What you will do: Among the entries below, the lines from the one with "Image width covers 22.2°." up to and including the one with "toothpaste [324,478,356,479]" are to be restated exactly, without pictures.

Given information:
+++

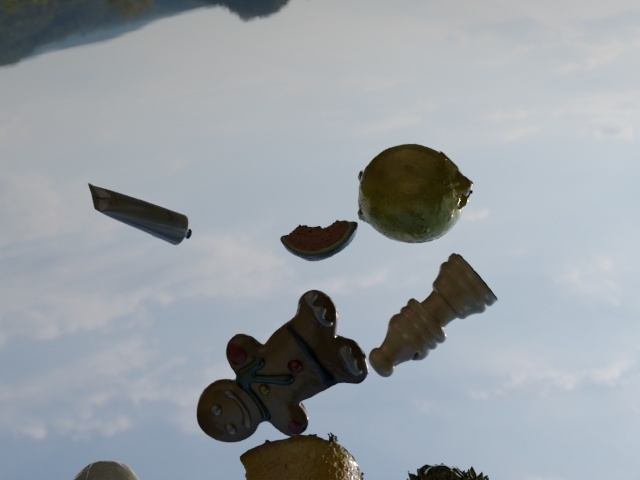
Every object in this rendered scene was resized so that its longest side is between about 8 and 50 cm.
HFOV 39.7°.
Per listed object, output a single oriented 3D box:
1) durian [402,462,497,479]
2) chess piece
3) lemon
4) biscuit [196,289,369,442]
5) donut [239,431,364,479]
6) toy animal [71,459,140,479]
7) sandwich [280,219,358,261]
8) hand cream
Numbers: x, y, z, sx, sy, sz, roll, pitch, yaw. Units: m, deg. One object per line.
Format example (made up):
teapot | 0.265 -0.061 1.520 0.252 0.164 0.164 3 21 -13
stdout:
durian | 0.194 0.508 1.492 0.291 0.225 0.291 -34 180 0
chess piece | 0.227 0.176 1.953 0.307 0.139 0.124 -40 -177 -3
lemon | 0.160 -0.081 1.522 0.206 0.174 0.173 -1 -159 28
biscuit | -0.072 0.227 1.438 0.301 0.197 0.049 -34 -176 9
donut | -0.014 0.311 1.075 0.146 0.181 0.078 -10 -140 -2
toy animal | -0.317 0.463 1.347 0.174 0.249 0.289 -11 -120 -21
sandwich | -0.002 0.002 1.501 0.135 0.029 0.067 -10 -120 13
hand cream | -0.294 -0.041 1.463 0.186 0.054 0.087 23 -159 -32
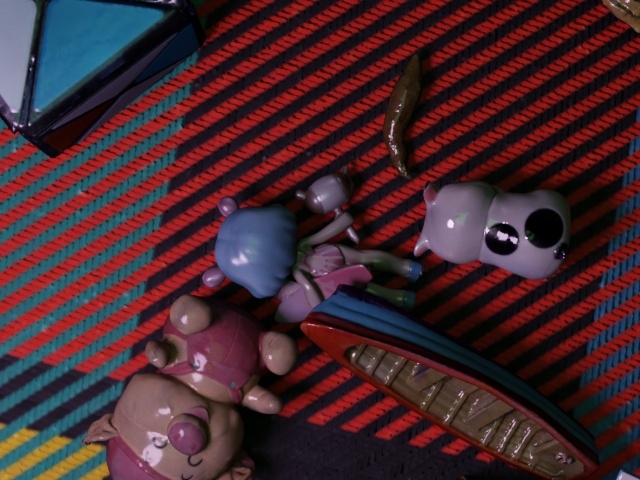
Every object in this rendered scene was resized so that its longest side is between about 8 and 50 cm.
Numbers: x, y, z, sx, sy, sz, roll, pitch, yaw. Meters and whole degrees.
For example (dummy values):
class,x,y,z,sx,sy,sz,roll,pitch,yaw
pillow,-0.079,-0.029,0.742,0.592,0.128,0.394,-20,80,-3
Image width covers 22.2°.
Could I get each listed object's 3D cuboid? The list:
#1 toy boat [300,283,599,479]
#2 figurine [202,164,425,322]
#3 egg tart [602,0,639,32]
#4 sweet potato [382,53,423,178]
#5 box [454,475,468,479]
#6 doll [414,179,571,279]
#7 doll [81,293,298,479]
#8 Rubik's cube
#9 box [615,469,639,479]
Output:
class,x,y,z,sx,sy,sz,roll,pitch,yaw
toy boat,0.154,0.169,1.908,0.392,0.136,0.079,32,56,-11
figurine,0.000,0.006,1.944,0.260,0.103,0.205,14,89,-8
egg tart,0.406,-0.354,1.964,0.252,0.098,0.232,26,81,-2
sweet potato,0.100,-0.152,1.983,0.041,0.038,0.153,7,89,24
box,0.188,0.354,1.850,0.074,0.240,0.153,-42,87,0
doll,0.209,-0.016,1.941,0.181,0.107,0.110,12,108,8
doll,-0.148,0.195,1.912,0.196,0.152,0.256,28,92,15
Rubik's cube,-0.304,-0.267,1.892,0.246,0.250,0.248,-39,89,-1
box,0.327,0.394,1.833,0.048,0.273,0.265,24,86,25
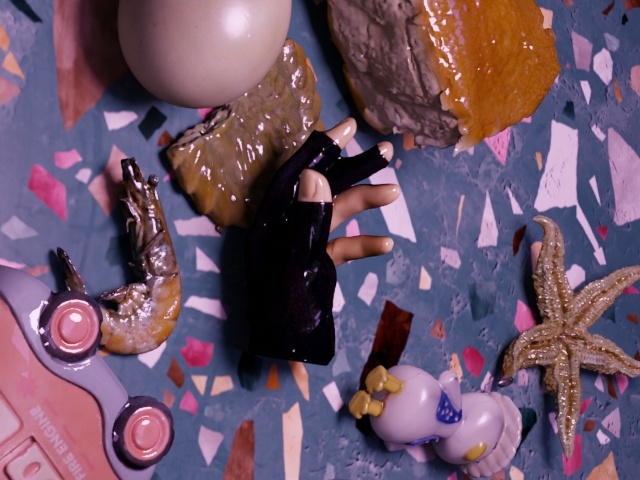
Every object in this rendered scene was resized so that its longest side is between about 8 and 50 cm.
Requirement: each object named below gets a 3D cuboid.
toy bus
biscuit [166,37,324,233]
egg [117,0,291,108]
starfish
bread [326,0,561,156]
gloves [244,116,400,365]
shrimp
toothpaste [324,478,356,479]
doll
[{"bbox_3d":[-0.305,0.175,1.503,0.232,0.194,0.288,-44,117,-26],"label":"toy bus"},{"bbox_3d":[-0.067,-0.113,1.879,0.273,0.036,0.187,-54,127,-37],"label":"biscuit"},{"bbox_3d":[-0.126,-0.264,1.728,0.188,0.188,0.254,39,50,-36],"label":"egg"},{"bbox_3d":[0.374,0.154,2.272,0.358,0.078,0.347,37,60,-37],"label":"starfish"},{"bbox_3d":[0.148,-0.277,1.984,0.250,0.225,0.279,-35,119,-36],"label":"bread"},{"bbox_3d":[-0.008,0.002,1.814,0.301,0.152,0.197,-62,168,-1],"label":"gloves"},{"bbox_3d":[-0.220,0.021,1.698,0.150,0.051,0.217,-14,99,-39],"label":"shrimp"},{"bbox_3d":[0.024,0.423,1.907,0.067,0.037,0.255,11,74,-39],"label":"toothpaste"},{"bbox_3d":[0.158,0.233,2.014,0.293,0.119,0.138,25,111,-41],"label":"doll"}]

+++

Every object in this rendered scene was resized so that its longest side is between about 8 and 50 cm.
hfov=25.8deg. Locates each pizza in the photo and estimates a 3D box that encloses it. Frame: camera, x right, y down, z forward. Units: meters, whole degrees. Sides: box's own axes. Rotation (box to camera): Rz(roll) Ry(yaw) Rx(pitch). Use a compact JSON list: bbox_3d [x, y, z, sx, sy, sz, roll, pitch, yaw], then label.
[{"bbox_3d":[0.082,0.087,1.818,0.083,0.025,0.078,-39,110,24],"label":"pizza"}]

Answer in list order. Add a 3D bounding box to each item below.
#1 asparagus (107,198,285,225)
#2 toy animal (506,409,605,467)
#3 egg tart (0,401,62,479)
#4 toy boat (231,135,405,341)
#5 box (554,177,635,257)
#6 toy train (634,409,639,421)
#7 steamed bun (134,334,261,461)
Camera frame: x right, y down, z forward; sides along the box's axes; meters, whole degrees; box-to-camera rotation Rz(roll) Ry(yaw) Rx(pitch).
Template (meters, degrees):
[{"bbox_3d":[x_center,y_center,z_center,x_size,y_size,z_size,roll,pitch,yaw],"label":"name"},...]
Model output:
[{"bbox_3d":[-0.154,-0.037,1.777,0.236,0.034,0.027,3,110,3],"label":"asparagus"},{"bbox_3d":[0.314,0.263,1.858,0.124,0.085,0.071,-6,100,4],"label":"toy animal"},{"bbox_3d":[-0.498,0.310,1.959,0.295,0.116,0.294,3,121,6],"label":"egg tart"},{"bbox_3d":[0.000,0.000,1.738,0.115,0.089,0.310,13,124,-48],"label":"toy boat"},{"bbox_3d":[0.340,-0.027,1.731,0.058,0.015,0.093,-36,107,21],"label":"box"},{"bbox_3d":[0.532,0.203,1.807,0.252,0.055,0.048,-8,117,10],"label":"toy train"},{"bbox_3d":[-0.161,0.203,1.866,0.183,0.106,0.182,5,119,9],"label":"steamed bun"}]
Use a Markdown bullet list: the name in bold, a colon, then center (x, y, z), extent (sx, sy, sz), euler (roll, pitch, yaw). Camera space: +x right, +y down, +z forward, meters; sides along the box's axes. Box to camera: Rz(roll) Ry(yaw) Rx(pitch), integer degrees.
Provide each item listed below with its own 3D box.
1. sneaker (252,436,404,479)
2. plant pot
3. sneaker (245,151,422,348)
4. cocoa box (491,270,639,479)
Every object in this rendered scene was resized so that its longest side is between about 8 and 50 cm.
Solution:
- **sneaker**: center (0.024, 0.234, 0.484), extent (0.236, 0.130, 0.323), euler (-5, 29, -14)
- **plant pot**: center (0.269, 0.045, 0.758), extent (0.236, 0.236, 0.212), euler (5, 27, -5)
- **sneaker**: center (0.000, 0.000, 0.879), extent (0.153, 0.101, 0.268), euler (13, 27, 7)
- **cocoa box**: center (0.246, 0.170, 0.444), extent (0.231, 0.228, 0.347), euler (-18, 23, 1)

+++

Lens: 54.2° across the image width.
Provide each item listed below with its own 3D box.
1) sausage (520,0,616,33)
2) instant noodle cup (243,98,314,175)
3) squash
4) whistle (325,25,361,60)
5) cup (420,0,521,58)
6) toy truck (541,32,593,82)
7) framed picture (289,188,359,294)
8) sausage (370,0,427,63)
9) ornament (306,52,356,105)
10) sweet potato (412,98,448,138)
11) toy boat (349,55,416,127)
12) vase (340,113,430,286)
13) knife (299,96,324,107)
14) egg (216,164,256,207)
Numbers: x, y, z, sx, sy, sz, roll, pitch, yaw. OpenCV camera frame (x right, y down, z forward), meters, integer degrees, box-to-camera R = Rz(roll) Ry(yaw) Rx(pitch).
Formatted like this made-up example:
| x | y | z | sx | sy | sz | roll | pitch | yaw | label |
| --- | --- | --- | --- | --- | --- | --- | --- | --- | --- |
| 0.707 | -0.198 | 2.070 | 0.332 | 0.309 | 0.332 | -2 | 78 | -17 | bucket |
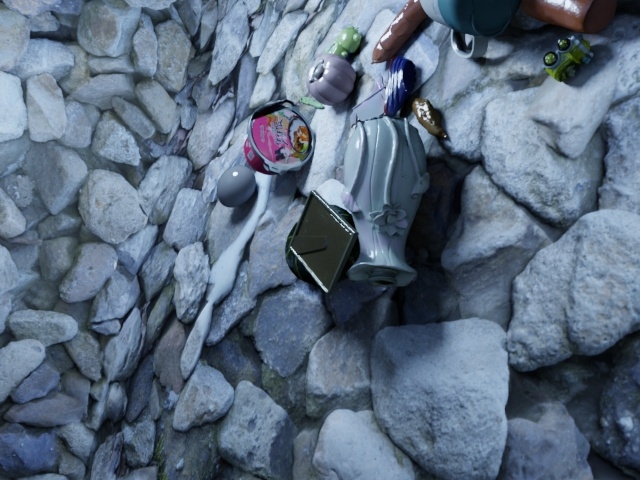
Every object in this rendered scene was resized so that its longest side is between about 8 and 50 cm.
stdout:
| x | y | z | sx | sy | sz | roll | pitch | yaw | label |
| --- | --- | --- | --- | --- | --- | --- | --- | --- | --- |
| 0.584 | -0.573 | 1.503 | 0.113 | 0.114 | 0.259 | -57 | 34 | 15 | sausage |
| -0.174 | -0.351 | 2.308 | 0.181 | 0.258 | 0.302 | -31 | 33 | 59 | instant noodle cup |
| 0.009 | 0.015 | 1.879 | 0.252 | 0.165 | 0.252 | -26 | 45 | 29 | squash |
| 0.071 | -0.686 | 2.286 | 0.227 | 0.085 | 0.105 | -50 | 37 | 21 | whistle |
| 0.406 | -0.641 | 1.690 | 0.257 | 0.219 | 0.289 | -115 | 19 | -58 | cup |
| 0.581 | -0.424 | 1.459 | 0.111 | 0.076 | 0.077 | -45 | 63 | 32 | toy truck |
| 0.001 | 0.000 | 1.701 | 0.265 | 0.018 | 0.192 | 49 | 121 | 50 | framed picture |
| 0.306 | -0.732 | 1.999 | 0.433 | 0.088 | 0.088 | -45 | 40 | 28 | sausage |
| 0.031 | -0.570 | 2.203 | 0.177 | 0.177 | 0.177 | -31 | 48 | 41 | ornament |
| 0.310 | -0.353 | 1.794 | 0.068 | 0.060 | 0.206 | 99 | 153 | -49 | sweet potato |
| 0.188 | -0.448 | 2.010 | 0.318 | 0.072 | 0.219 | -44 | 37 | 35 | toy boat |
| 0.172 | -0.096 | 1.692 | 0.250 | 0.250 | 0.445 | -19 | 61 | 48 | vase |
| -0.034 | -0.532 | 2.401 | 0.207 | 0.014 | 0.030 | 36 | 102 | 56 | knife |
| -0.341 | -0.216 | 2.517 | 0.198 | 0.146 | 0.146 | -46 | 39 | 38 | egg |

+++

Result of the exercise:
Image width covers 22.2°.
Could I get each listed object's 3D cuboid? The list:
#1 toy boat [300,283,599,479]
#2 figurine [202,164,425,322]
#3 egg tart [602,0,639,32]
#4 sweet potato [382,53,423,178]
#5 box [454,475,468,479]
#6 doll [414,179,571,279]
#7 doll [81,293,298,479]
#8 Rubik's cube
#9 box [615,469,639,479]
Output:
class,x,y,z,sx,sy,sz,roll,pitch,yaw
toy boat,0.154,0.169,1.908,0.392,0.136,0.079,32,56,-11
figurine,0.000,0.006,1.944,0.260,0.103,0.205,14,89,-8
egg tart,0.406,-0.354,1.964,0.252,0.098,0.232,26,81,-2
sweet potato,0.100,-0.152,1.983,0.041,0.038,0.153,7,89,24
box,0.188,0.354,1.850,0.074,0.240,0.153,-42,87,0
doll,0.209,-0.016,1.941,0.181,0.107,0.110,12,108,8
doll,-0.148,0.195,1.912,0.196,0.152,0.256,28,92,15
Rubik's cube,-0.304,-0.267,1.892,0.246,0.250,0.248,-39,89,-1
box,0.327,0.394,1.833,0.048,0.273,0.265,24,86,25
Every object in this rendered scene was resized so that its longest side is between about 8 and 50 cm.
Requirement: each object named below gets a 3D cuboid.
toy bus
biscuit [166,37,324,233]
egg [117,0,291,108]
starfish
bread [326,0,561,156]
gloves [244,116,400,365]
shrimp
toothpaste [324,478,356,479]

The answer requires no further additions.